* _Data listing_
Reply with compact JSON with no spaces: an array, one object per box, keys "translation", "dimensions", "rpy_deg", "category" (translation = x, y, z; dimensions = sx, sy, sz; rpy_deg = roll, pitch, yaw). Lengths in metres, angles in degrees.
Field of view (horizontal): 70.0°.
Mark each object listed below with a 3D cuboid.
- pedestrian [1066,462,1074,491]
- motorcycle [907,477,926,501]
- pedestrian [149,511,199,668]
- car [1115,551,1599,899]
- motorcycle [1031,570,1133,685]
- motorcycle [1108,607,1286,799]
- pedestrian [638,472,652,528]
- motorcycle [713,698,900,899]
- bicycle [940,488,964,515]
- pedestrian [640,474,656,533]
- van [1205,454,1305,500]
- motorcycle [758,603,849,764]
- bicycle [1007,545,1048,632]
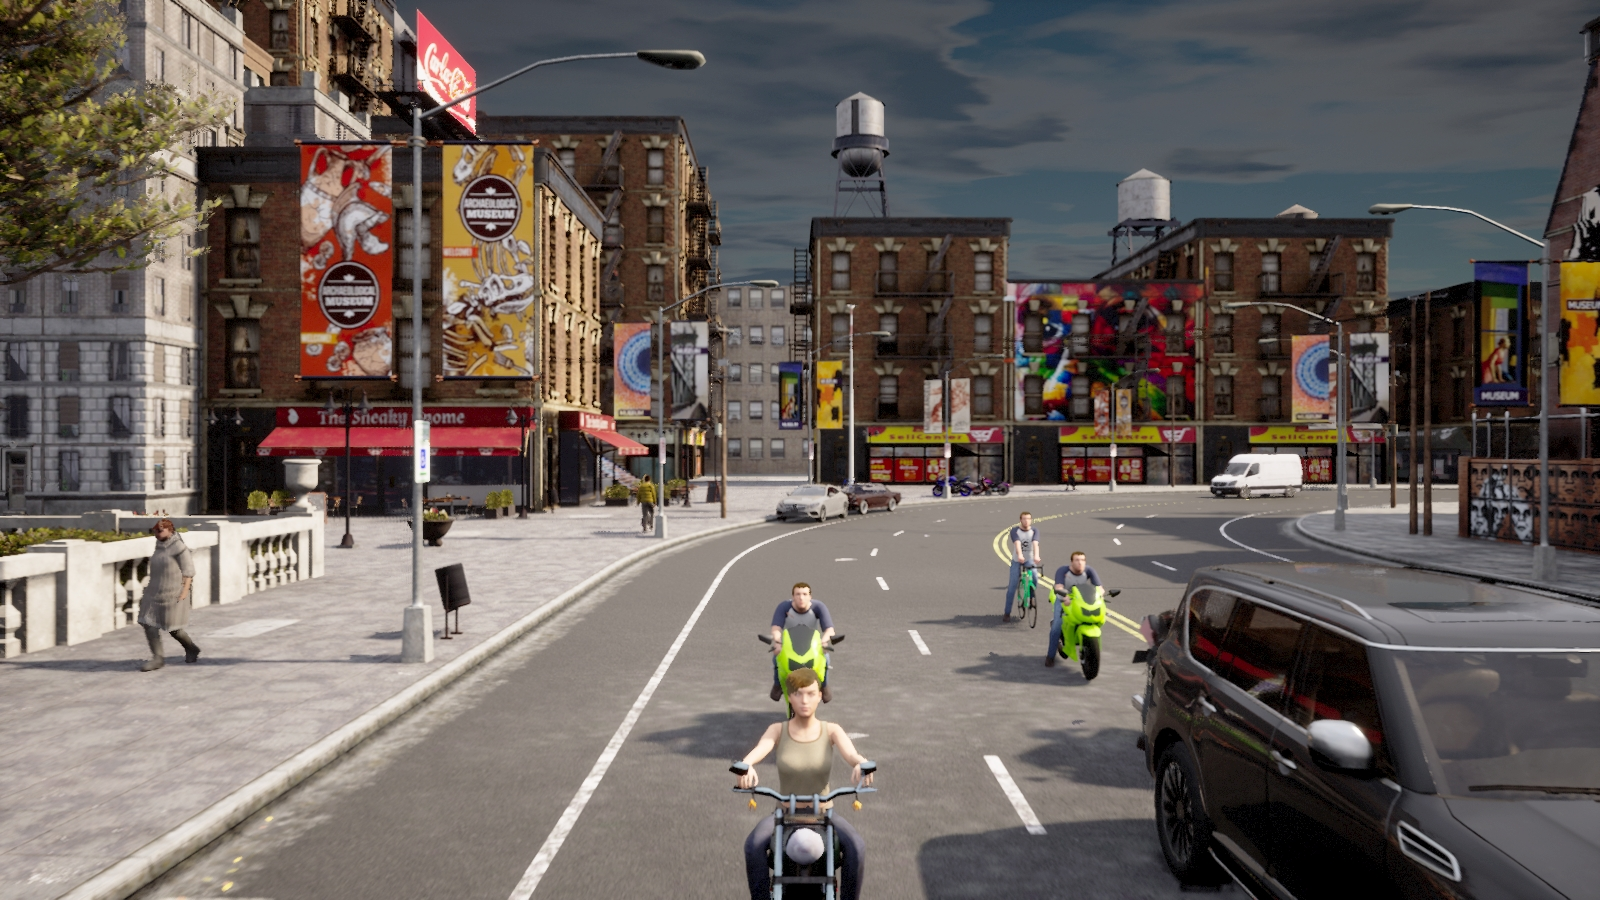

* _What to do_
Would you set down, word for word, the lines running from the one that contains "- van [1205,454,1305,500]" to the last line of the material, omitting all pictures?

* _Solution below_
- van [1205,454,1305,500]
- motorcycle [758,603,849,764]
- bicycle [1007,545,1048,632]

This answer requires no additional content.